(Task directions)
All the data below goes into the copy word for word, but the pictures don't.

(Material for this task)
----

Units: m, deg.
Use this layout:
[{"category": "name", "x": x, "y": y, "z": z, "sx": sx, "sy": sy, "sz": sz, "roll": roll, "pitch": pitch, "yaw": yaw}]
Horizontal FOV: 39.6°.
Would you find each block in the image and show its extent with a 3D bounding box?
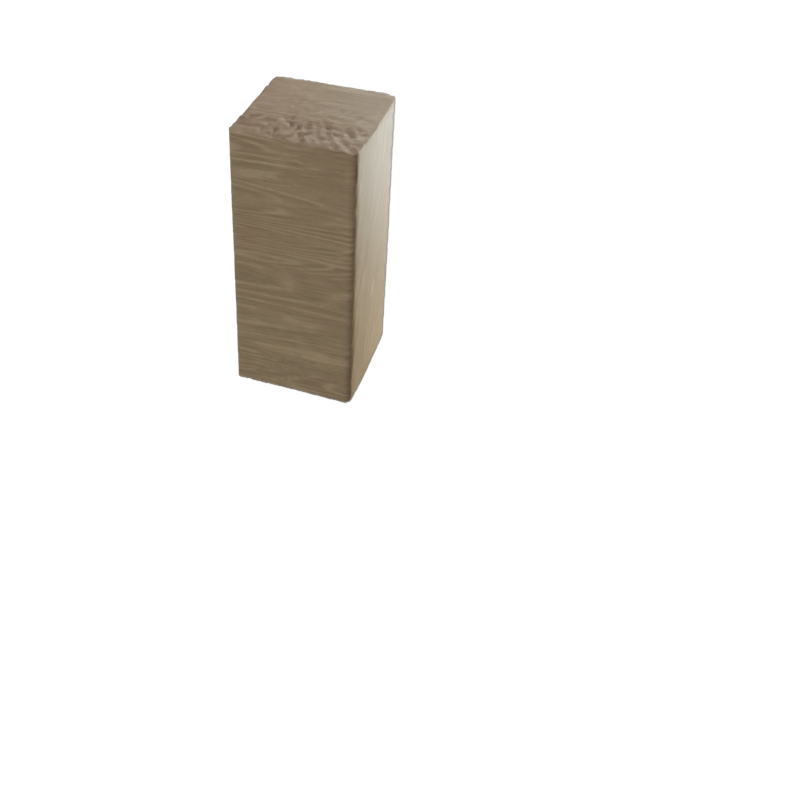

----

(Your solution)
Units: m, deg.
Use this layout:
[{"category": "name", "x": x, "y": y, "z": z, "sx": sx, "sy": sy, "sz": sz, "roll": roll, "pitch": pitch, "yaw": yaw}]
Horizontal FOV: 39.6°.
Would you find each block in the image and show its extent with a 3D bounding box?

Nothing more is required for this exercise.